YOUR INSTRUCTIONS: All entries are to be printed again exactly, with their images omitted.

GIVEN DATA section start

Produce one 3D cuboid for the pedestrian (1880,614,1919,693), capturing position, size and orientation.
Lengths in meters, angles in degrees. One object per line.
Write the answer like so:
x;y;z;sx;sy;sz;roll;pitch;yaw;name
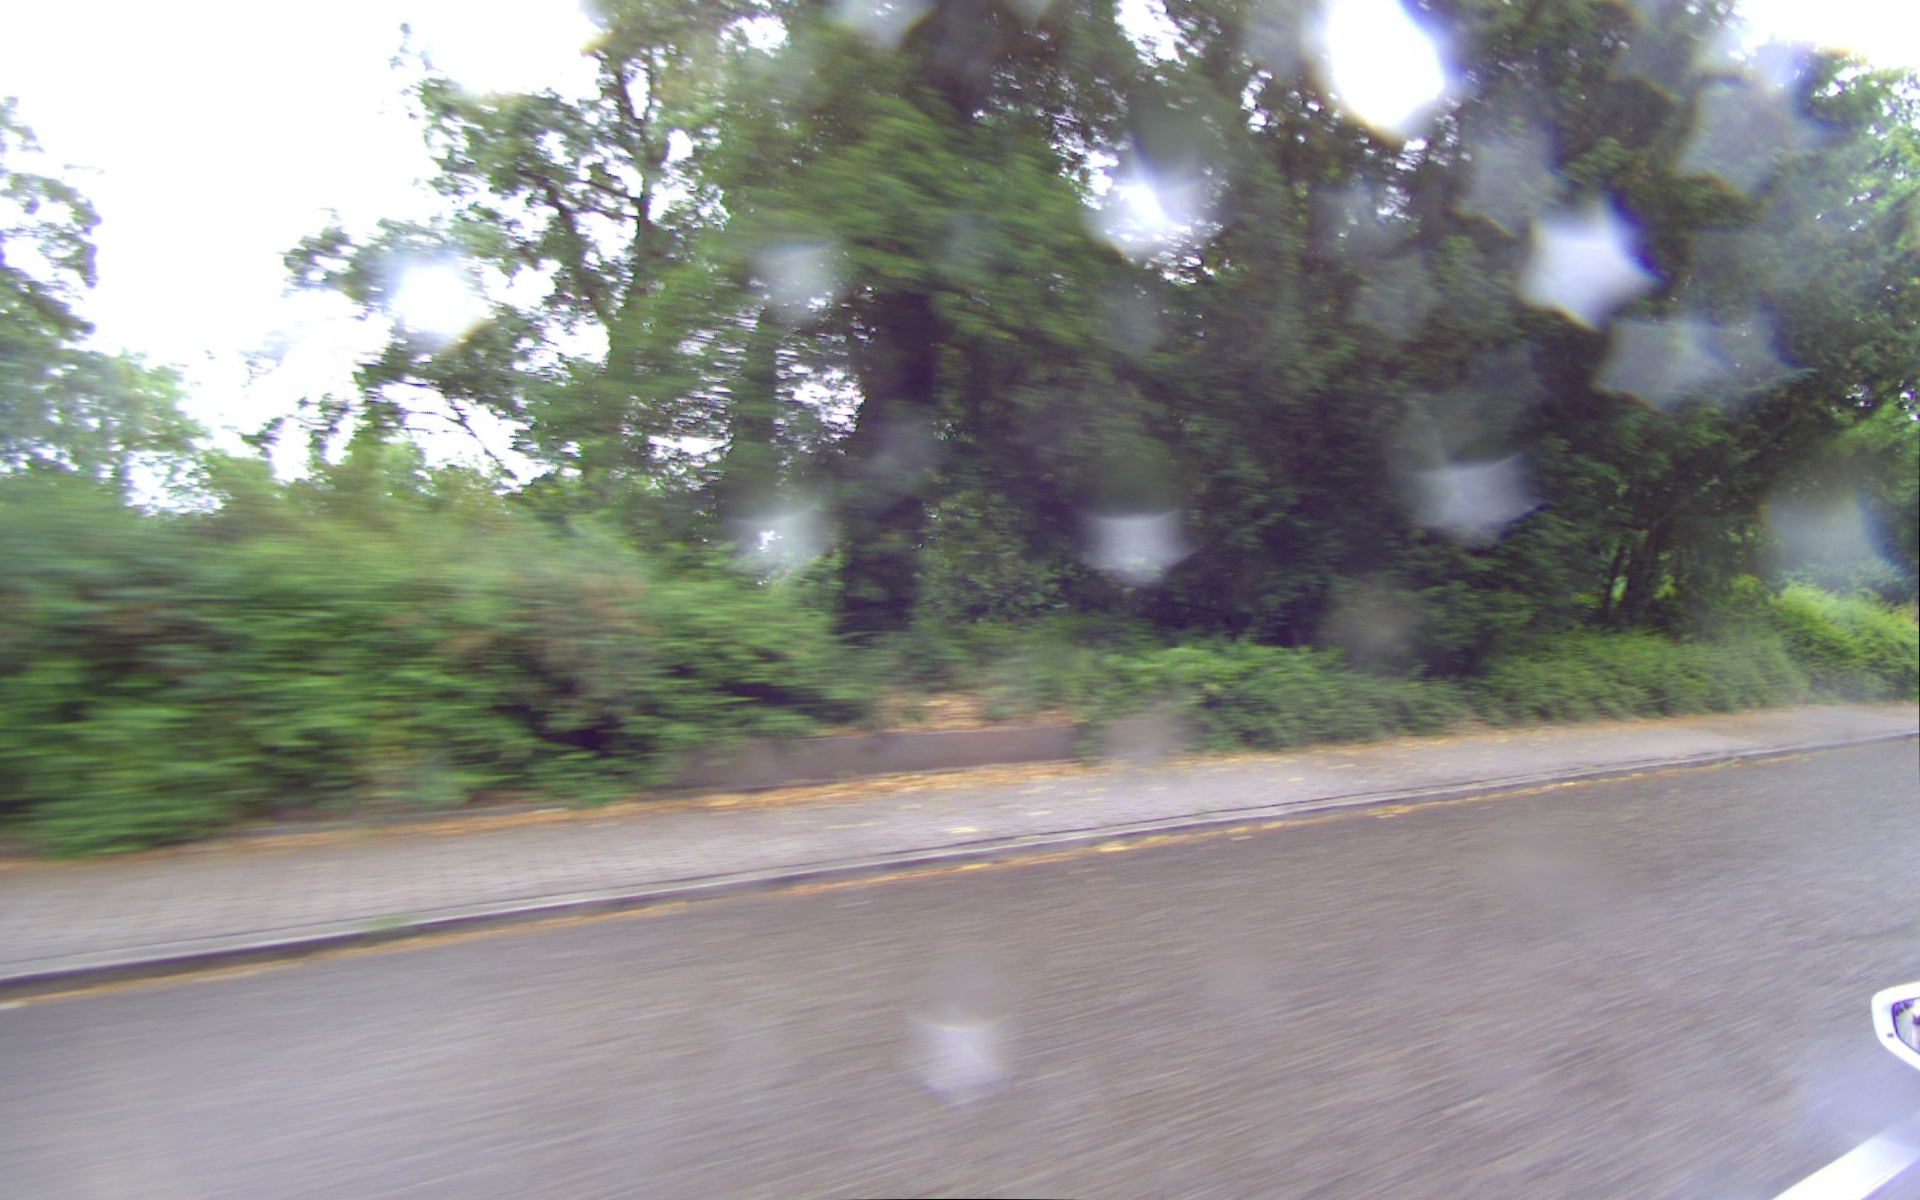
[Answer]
20.594;1.152;21.817;0.694;1.666;0.713;1;0;24;pedestrian

GIVEN DATA section end

RESULT FOR THIS TASK:
Produce one 3D cuboid for the pedestrian (1880,614,1919,693), capturing position, size and orientation.
Lengths in meters, angles in degrees. One object per line.
Write the answer like so:
x;y;z;sx;sy;sz;roll;pitch;yaw;name
[Answer]
20.594;1.152;21.817;0.694;1.666;0.713;1;0;24;pedestrian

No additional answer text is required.